ACTIVITY
Beneath this line are the data; copy exactly the part of them that opens with the line containing "picture [41, 62, 231, 186]" and closes with the line containing "text Burgemeester en", and only that part.

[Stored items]
▬▬▬▬▬▬▬▬▬▬
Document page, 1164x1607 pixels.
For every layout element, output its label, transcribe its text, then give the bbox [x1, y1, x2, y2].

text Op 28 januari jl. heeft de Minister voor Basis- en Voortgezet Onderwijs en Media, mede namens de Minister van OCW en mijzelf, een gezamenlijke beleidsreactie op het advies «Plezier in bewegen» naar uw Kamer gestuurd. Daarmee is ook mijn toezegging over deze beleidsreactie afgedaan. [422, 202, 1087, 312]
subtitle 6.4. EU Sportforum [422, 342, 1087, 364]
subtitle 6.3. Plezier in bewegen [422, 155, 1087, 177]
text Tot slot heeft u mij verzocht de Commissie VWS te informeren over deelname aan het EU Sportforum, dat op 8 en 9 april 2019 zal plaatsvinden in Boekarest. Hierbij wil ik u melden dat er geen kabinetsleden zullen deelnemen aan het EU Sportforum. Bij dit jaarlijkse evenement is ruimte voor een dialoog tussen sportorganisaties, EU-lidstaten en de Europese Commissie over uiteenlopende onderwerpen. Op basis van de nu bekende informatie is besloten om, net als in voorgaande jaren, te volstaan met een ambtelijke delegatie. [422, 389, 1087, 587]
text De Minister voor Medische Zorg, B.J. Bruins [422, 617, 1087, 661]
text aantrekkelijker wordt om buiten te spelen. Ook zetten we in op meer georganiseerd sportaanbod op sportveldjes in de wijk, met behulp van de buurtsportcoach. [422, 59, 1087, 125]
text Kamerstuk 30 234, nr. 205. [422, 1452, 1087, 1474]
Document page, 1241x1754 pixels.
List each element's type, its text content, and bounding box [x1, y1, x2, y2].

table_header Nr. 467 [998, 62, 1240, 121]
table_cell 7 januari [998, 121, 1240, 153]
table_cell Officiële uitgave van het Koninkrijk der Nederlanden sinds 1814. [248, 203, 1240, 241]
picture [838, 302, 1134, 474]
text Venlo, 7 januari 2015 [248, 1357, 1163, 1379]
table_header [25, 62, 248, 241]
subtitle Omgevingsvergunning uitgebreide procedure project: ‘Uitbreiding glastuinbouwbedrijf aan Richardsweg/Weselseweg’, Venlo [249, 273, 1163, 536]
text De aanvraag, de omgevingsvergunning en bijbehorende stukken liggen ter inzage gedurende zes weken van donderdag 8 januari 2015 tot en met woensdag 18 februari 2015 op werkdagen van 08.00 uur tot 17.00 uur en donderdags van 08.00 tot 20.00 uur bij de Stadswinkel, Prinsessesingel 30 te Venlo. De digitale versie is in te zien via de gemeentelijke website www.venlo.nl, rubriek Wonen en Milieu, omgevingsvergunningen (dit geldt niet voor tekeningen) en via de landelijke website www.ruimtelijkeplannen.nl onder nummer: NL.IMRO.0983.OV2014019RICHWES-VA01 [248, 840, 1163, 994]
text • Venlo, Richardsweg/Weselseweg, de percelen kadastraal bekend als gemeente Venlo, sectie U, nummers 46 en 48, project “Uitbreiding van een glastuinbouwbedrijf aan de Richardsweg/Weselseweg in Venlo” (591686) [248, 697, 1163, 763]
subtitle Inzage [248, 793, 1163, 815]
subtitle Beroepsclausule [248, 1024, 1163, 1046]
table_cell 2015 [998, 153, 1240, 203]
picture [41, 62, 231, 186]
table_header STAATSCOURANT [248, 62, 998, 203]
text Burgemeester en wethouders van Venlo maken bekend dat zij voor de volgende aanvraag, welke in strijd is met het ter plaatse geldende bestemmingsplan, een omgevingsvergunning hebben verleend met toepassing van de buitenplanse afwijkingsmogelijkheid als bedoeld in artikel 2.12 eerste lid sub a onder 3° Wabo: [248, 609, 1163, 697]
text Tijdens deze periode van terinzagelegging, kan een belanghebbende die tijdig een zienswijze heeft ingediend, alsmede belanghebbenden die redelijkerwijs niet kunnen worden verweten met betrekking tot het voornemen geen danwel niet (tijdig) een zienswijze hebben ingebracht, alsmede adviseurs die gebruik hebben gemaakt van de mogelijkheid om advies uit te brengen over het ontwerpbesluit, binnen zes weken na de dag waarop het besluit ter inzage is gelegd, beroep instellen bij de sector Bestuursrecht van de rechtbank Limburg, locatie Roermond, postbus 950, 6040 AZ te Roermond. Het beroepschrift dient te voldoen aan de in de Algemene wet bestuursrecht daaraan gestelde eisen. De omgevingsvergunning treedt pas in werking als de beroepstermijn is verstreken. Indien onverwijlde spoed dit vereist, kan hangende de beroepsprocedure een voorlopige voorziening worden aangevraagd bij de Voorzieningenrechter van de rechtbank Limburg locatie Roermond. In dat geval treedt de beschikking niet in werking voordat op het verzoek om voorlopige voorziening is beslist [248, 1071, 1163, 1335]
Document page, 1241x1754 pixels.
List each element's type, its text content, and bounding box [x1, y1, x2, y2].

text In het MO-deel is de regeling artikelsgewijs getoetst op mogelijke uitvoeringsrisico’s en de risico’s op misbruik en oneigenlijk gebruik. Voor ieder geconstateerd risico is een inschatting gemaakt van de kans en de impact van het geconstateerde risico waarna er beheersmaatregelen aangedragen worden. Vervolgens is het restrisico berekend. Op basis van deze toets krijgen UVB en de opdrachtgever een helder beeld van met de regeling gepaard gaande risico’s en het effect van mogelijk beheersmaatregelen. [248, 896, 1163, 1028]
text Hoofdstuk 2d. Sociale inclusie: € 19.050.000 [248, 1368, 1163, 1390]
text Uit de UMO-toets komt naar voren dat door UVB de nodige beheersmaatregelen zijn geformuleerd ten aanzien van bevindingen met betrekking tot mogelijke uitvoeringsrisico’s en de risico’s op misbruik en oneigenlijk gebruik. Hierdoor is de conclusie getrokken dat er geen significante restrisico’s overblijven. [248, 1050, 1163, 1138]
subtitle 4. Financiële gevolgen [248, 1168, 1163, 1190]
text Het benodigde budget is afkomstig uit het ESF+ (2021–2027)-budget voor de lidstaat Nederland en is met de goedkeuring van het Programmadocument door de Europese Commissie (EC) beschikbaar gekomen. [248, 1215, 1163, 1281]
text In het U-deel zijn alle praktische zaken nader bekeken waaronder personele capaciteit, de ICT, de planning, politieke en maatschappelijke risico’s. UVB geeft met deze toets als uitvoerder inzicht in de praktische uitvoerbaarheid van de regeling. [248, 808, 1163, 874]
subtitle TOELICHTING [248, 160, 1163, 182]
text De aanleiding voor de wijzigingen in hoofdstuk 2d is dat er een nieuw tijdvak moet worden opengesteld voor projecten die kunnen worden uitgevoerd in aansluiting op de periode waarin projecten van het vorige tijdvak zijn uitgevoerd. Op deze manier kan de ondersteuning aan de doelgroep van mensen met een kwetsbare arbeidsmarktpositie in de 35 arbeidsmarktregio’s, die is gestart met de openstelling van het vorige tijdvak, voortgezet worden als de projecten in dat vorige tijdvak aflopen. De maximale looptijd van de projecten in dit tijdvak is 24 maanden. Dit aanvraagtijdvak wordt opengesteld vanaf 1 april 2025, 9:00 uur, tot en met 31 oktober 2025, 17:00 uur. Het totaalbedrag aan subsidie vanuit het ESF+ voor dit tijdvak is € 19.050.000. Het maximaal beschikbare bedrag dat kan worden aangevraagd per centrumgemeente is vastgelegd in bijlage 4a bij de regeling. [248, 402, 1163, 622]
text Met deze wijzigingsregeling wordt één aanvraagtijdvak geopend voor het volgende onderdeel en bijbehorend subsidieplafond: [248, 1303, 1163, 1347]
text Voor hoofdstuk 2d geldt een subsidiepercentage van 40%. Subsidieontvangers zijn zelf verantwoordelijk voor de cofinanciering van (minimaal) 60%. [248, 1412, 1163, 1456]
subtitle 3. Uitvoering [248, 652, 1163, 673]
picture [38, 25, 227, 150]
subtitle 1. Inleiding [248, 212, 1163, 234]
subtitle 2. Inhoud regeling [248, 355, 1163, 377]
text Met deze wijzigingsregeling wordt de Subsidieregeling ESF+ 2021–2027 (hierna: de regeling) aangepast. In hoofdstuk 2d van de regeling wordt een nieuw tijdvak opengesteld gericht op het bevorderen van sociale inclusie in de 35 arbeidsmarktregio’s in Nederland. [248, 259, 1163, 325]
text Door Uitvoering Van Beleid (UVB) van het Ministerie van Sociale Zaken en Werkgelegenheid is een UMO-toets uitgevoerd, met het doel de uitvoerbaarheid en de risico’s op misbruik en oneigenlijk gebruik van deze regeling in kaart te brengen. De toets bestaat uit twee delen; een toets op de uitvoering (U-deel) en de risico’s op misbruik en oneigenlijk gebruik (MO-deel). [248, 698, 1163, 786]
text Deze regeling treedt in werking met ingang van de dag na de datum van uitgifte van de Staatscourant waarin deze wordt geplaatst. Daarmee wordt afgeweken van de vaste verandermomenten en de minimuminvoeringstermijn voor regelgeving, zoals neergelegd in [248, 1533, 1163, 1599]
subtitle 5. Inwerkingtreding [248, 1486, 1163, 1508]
▬▬▬▬▬▬▬▬▬▬
REPLY TO THE EXERCISE
picture [41, 62, 231, 186]
table_header STAATSCOURANT [248, 62, 998, 203]
text Burgemeester en wethouders van Venlo maken bekend dat zij voor de volgende aanvraag, welke in strijd is met het ter plaatse geldende bestemmingsplan, een omgevingsvergunning hebben verleend met toepassing van de buitenplanse afwijkingsmogelijkheid als bedoeld in artikel 2.12 eerste lid sub a onder 3° Wabo: [248, 609, 1163, 697]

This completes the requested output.